Task brief> Leave out the images and output the records word for word.

(Excerpts from a dataset)
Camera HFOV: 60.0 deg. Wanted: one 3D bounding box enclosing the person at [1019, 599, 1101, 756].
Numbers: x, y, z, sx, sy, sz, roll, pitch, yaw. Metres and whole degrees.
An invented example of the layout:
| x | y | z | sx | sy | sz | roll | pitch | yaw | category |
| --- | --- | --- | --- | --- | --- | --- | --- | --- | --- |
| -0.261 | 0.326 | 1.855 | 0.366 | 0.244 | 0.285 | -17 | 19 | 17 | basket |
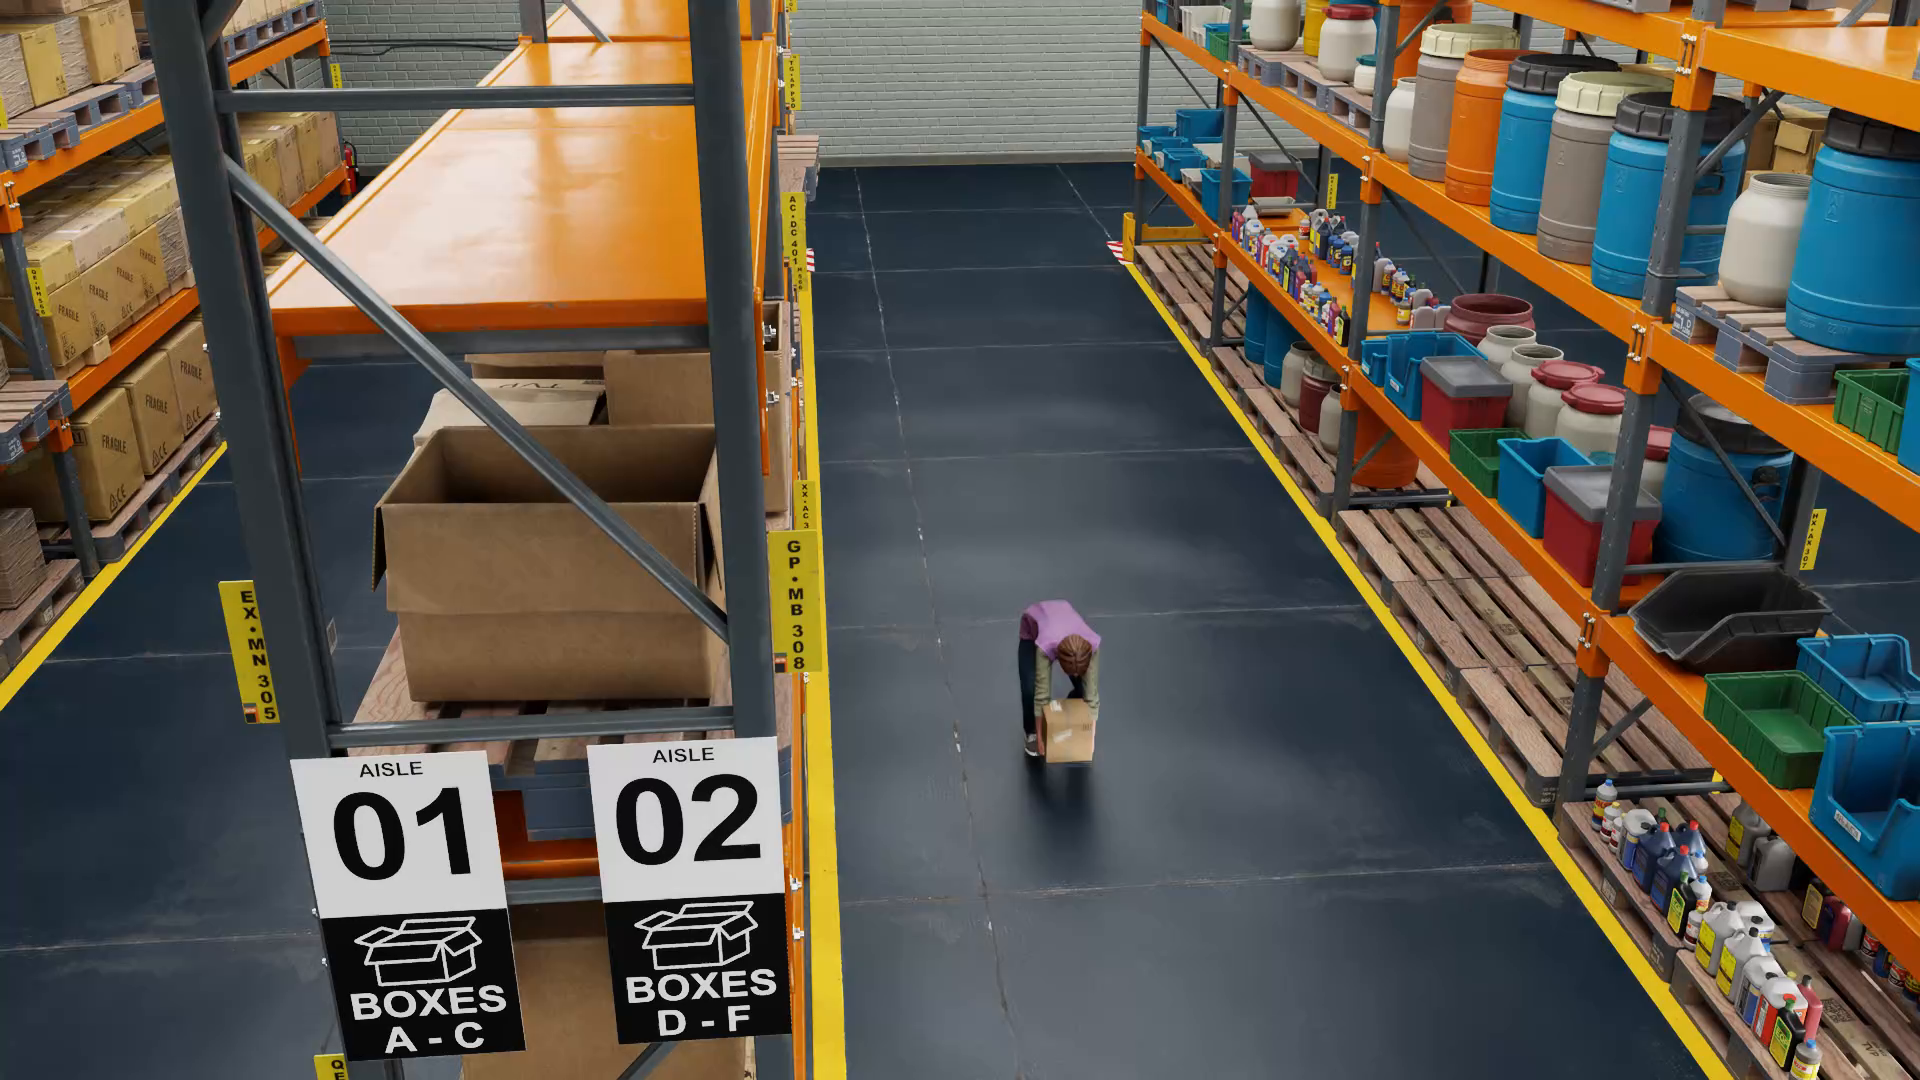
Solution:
| x | y | z | sx | sy | sz | roll | pitch | yaw | category |
| --- | --- | --- | --- | --- | --- | --- | --- | --- | --- |
| 0.547 | 0.821 | 9.266 | 0.403 | 0.947 | 0.863 | -3 | 24 | -8 | person |

Response for this exercise>
Camera HFOV: 60.0 deg. Wanted: one 3D bounding box enclosing the person at [1019, 599, 1101, 756].
Numbers: x, y, z, sx, sy, sz, roll, pitch, yaw. Metres and whole degrees.
An invented example of the layout:
| x | y | z | sx | sy | sz | roll | pitch | yaw | category |
| --- | --- | --- | --- | --- | --- | --- | --- | --- | --- |
| -0.261 | 0.326 | 1.855 | 0.366 | 0.244 | 0.285 | -17 | 19 | 17 | basket |
Solution:
| x | y | z | sx | sy | sz | roll | pitch | yaw | category |
| --- | --- | --- | --- | --- | --- | --- | --- | --- | --- |
| 0.547 | 0.821 | 9.266 | 0.403 | 0.947 | 0.863 | -3 | 24 | -8 | person |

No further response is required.